In 1979 a U.S. Air Force reconnaissance satellite, part of the Vela constellation of nuclear explosion detectors, spotted a mysterious flash in the southern Indian Ocean near some remote South African islands. Publicly, although the Vela sat seemingly detected what it was designed to detect, the U.S. government declined to declare this event a secret nuclear test. Decades later this response appears at odds with the conclusions of American weaponeers.

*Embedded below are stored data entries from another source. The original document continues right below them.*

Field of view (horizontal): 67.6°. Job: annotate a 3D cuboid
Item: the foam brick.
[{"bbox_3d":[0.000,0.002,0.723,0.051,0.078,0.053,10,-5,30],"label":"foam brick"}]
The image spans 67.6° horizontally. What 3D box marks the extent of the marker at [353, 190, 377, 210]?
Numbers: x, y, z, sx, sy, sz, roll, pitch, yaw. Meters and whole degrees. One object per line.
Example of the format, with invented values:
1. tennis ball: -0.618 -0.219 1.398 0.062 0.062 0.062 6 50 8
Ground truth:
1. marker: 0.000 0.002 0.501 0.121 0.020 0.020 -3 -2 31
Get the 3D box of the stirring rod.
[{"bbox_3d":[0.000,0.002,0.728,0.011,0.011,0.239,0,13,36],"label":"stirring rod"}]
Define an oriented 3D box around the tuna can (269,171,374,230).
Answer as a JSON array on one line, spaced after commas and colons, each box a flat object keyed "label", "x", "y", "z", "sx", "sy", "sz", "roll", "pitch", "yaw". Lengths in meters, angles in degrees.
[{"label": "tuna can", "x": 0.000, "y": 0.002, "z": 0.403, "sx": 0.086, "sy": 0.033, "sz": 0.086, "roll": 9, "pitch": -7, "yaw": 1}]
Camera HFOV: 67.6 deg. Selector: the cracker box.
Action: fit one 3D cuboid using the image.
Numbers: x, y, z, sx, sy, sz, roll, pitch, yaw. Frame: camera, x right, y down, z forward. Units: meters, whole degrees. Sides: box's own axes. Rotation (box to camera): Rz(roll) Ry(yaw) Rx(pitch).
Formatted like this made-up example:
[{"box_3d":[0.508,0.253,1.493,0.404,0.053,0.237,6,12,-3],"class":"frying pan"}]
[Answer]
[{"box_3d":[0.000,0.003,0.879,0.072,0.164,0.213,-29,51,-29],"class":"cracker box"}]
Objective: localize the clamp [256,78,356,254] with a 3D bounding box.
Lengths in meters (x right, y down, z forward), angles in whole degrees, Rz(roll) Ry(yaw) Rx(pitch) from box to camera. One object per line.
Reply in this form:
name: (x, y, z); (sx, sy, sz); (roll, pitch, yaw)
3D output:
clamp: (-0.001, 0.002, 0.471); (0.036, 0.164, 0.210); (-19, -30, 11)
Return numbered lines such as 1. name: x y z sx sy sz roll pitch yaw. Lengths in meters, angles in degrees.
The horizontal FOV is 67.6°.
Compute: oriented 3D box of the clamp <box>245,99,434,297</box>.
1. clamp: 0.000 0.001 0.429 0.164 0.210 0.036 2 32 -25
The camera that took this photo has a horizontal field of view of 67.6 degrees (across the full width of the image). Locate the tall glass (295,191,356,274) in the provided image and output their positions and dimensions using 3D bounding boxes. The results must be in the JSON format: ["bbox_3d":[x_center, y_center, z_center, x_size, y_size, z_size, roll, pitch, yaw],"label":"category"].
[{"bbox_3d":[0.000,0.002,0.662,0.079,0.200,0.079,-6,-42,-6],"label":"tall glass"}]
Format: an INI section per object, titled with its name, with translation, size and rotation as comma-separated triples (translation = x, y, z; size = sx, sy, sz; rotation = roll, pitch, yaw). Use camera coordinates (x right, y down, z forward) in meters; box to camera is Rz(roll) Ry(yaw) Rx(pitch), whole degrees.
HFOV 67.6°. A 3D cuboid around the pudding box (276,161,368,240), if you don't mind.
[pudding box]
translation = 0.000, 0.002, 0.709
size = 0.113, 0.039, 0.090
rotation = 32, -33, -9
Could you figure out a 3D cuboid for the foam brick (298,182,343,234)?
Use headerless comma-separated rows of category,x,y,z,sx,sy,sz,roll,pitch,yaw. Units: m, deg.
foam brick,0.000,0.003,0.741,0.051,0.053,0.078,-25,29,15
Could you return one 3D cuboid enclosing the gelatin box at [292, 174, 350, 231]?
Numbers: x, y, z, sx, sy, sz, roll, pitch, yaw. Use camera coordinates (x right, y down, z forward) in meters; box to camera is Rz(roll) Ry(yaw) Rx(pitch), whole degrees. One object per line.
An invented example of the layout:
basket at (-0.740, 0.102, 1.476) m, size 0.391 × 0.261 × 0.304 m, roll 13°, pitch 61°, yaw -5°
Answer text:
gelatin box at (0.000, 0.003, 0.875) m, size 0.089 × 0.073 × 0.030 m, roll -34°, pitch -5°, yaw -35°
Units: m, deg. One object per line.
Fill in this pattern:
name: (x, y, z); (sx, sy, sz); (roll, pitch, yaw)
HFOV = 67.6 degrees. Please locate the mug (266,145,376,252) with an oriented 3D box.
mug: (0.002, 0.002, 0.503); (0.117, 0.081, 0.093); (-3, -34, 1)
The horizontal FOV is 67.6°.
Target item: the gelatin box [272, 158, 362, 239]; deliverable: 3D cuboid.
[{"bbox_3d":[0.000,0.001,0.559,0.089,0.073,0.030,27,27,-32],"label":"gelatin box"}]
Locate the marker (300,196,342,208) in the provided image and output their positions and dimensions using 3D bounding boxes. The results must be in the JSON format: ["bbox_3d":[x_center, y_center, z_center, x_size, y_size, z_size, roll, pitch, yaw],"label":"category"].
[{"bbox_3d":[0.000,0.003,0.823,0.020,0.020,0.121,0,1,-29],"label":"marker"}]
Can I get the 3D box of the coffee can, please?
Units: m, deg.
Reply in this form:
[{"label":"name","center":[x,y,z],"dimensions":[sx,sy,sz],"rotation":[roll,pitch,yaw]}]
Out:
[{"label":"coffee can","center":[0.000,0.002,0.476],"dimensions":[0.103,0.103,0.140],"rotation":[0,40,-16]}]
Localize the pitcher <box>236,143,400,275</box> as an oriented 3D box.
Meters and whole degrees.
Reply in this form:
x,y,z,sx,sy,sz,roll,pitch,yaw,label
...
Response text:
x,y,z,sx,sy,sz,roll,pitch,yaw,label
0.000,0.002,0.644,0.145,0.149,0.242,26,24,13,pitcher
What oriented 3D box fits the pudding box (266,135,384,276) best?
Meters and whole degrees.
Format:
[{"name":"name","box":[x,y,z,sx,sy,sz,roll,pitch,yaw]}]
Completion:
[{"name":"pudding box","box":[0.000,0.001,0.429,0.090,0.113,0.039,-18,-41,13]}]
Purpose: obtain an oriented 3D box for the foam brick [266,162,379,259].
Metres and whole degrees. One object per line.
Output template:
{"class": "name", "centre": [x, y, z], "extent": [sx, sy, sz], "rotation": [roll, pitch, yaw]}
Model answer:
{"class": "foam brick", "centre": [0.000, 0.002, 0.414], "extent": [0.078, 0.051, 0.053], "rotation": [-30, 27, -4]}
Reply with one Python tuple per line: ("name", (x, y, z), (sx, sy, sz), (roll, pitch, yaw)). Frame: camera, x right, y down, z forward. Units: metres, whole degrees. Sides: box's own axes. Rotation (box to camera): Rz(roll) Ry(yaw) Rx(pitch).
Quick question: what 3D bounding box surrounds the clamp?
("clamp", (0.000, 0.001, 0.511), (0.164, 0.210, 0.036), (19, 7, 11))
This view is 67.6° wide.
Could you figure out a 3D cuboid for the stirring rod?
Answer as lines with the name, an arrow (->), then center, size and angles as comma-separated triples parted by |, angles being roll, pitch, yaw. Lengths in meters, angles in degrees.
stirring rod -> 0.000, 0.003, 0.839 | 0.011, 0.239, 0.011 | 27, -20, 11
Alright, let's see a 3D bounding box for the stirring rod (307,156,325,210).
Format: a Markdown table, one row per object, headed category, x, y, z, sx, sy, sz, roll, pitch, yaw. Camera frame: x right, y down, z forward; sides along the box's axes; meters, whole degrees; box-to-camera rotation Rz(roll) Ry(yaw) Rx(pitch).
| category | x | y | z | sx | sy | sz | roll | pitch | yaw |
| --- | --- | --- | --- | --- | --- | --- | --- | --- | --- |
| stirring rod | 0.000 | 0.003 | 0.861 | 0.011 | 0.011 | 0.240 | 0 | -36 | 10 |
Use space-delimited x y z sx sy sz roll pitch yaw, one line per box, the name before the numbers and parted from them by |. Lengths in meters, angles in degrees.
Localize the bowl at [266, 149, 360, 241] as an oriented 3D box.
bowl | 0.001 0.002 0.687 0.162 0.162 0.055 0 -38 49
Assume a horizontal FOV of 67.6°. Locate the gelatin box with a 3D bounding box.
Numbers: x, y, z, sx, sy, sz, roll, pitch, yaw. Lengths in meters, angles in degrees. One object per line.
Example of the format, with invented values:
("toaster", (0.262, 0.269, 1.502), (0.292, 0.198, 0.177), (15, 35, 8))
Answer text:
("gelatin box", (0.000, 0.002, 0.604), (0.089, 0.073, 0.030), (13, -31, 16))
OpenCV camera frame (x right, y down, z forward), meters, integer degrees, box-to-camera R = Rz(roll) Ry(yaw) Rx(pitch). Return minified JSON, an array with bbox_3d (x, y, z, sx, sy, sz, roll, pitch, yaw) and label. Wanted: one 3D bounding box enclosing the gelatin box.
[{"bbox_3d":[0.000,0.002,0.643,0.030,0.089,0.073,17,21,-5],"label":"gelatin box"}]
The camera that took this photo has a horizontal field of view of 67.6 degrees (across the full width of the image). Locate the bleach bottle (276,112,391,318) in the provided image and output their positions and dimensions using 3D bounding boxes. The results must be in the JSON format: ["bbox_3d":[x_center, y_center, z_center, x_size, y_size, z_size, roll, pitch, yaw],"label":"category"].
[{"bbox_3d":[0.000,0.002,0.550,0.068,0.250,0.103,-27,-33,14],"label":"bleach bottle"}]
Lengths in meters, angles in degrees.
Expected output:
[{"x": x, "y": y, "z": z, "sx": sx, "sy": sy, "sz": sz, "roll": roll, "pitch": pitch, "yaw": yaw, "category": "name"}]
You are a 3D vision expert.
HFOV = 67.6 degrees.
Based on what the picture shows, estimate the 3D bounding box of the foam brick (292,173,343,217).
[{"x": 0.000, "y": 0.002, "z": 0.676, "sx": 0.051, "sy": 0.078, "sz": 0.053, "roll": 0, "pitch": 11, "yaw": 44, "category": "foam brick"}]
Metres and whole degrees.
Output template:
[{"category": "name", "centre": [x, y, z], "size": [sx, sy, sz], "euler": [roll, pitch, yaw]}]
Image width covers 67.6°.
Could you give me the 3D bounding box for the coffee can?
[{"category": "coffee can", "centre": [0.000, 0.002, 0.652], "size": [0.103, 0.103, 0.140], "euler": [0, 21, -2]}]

During the 1980s, as international opinion turned against South Africa’s domestic policies, work continued on the nuclear program. A send gaseous diffusion plant was constructed but failed to meet its designed output. Armscor (now Denel, Ltd.) the state armaments firm, established a bomb building facility close to the capital Pretoria, where explosive implosion, bomb components and health physics were handled.

By 1982 South Africa had built three nuclear devices: an unnamed test unit for “cold-testing” (using low-fissile U-238) reputed to weigh three tons, a true test device named “Melba” or “Video” less than half the weight of the first, and its first “G.I.-proof” weapon “Hobo” or “Cabot.” These gadgets were shaped by South Africa’s unusual deterrence policy.

In its first phase the nation would, like Israel, maintain “strategic ambiguity” by neither confirming nor denying its possession of the bomb. If South Africa faced imminent threat from its neighbors or the USSR, in the second phase allies like the United States would be secretly informed of the nuclear deterrent. If after the secret reveal the United States and its allies failed to help South Africa, a demonstration detonation of the weapons would take place. Unmentioned is Phase Four: the field use of nuclear weapons on military targets.